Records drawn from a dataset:

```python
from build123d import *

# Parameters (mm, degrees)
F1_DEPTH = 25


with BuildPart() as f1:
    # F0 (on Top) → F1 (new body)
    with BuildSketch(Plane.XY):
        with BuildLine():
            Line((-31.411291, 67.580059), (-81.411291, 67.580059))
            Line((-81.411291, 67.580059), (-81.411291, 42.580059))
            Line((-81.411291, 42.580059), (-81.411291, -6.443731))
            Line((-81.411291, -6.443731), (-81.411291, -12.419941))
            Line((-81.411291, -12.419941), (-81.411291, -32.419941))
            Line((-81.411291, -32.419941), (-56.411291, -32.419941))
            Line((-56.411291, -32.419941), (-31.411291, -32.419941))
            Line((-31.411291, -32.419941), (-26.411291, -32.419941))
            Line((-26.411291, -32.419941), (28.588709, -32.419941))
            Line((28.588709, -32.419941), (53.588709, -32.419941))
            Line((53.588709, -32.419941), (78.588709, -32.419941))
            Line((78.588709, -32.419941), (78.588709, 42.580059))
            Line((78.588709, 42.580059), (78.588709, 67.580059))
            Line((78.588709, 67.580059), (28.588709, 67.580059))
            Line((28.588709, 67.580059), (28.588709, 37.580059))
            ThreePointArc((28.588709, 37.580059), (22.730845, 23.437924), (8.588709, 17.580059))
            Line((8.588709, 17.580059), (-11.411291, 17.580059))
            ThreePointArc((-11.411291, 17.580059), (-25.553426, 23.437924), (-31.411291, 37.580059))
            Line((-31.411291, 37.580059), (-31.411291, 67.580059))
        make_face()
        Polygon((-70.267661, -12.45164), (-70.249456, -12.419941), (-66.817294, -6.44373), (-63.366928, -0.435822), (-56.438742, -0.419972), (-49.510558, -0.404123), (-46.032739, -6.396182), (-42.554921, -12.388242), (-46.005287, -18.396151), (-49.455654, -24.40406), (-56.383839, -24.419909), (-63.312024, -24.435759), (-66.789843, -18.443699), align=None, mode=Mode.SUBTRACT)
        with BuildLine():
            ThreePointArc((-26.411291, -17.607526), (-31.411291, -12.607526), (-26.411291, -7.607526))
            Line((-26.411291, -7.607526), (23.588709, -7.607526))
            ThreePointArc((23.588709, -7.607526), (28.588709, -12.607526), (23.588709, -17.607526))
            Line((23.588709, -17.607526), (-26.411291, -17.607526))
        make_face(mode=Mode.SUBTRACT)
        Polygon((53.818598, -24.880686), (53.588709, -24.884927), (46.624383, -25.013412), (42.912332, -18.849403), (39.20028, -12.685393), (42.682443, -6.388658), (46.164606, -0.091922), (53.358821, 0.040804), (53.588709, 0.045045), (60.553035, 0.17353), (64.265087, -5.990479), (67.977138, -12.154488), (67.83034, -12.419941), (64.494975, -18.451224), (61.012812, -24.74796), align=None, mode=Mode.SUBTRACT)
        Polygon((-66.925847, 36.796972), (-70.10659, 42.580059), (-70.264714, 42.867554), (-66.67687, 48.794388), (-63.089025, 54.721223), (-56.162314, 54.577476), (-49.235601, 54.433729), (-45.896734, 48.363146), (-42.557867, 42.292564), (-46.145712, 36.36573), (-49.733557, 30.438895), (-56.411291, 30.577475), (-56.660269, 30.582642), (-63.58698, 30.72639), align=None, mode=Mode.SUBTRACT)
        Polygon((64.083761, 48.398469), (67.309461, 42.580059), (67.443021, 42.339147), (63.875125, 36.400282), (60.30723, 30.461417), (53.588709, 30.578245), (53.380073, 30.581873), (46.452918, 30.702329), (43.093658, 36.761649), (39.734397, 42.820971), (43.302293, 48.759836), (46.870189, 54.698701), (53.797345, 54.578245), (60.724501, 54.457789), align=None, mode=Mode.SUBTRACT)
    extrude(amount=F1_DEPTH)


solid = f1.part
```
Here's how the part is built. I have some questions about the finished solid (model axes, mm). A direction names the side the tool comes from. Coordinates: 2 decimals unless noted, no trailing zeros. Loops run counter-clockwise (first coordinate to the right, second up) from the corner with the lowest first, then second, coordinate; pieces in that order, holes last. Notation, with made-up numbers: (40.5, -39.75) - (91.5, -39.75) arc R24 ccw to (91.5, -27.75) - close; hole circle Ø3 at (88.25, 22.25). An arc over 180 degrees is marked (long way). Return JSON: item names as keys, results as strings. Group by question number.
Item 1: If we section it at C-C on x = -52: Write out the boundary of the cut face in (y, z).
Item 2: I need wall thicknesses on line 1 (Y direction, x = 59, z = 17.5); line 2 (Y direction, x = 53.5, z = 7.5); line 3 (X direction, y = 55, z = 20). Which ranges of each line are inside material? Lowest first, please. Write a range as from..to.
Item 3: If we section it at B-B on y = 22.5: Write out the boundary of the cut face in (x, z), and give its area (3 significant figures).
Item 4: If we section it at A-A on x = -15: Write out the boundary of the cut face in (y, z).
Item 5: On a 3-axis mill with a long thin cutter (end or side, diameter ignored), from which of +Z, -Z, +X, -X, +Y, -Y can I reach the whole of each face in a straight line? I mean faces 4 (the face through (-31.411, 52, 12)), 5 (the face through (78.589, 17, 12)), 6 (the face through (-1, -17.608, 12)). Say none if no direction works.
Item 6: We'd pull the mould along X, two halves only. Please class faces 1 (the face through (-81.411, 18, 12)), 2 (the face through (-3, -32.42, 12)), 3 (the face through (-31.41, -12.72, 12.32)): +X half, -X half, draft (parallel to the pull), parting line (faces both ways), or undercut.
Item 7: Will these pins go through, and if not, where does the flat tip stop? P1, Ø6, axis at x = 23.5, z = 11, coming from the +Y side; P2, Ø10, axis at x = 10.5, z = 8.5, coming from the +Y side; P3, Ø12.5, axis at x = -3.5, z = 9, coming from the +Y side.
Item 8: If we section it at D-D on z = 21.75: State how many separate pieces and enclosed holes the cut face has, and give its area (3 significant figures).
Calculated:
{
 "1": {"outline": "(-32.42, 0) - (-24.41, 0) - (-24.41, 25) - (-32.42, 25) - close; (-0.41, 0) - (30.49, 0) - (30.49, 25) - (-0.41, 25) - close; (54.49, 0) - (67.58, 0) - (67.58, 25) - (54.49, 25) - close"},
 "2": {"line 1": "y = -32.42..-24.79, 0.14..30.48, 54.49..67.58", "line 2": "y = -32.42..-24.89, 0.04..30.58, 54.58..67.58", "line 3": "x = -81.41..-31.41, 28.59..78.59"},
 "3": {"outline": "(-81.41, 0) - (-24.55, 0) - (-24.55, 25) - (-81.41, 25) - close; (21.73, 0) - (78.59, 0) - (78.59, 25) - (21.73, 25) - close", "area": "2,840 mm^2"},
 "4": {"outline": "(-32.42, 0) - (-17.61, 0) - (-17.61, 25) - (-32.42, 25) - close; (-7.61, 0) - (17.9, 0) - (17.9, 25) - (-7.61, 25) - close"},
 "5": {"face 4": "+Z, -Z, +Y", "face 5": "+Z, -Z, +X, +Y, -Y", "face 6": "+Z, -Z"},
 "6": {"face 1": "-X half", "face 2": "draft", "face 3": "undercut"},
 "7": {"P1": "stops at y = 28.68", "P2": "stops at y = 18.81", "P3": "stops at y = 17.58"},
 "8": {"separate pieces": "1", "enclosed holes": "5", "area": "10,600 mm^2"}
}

Problem requirements:
Going back over the entries above, copy word for word every line from the one that has "Item 7: Will" on through the one that has "- (-24.55, 0)".

Answer to this exercise:
Item 7: Will these pins go through, and if not, where does the flat tip stop? P1, Ø6, axis at x = 23.5, z = 11, coming from the +Y side; P2, Ø10, axis at x = 10.5, z = 8.5, coming from the +Y side; P3, Ø12.5, axis at x = -3.5, z = 9, coming from the +Y side.
Item 8: If we section it at D-D on z = 21.75: State how many separate pieces and enclosed holes the cut face has, and give its area (3 significant figures).
Calculated:
{
 "1": {"outline": "(-32.42, 0) - (-24.41, 0) - (-24.41, 25) - (-32.42, 25) - close; (-0.41, 0) - (30.49, 0) - (30.49, 25) - (-0.41, 25) - close; (54.49, 0) - (67.58, 0) - (67.58, 25) - (54.49, 25) - close"},
 "2": {"line 1": "y = -32.42..-24.79, 0.14..30.48, 54.49..67.58", "line 2": "y = -32.42..-24.89, 0.04..30.58, 54.58..67.58", "line 3": "x = -81.41..-31.41, 28.59..78.59"},
 "3": {"outline": "(-81.41, 0) - (-24.55, 0) - (-24.55, 25) - (-81.41, 25) - close; (21.73, 0) - (78.59, 0) - (78.59, 25) - (21.73, 25) - close", "area": "2,840 mm^2"},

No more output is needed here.